Hypoparathyroidism can be congenital/ hereditary, iatrogenic (e.g., drugs, removal of the parathyroid glands during thyroid or parathyroid surgery, radiation), infiltrative (e.g., metastatic carcinoma, Wilson's disease, sarcoidosis), suppression of parathyroid function such as in hypomagnesemia, infective (HIV/AIDS), or idiopathic which is a diagnosis of exclusion.  Prevalence of hypoparathyroidism is equal in men and women and occurs in all age groups. Basal ganglia calcification is a known association of hypoparathyroidism, the most common site being globus pallidus.  Extensive intracranial calcification as in this case is a rare phenomenon.

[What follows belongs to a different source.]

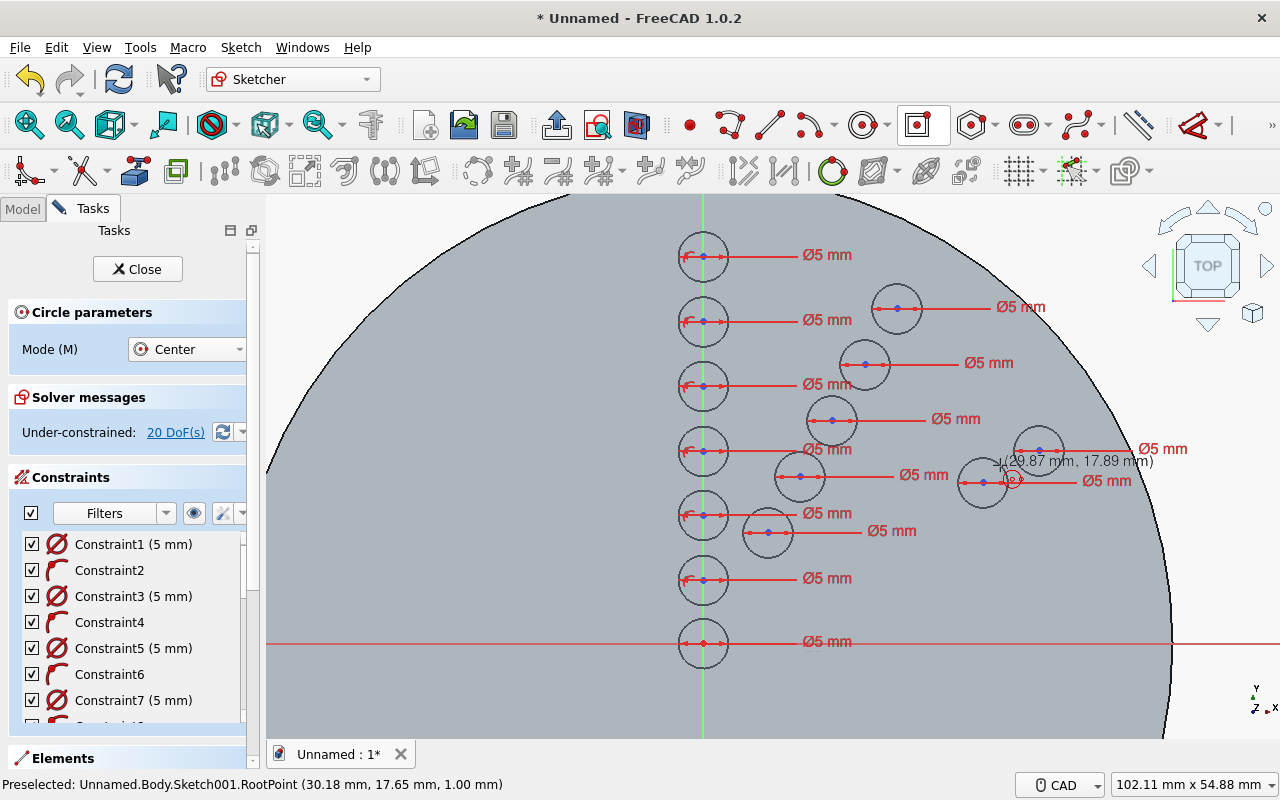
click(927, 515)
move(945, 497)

Basal ganglia calcification can manifest as seizures, mental deterioration, cerebellar ataxia, Parkinsonism More Details, chorea, and rarely it can be asymptomatic.  The emergence of CT has led to the finding that sporadic calcification is the most common form, present in up to 1.5% of all brain scans. 
Decreased PTH levels, hypocalcemia, and hyperphosphatemia in our case suggest primary hypoparathyroidism. As discussed, abnormal facies, mental retardation, bilateral lenticular cataracts, extensive intracranial calcifications, and most importantly manifestation of the disease from early childhood suggests congenital/hereditary etiology. Long-standing hypocalcemia associated with hyperphosphatemia (observed with PTH deficiency or resistance) leads to calcification of the basal ganglia and mineral ion deposits in the lens leads to cataract formation.
The differential possibilities of congenital/hereditary hypoparathyroidism with their predominant features are described [Table 2].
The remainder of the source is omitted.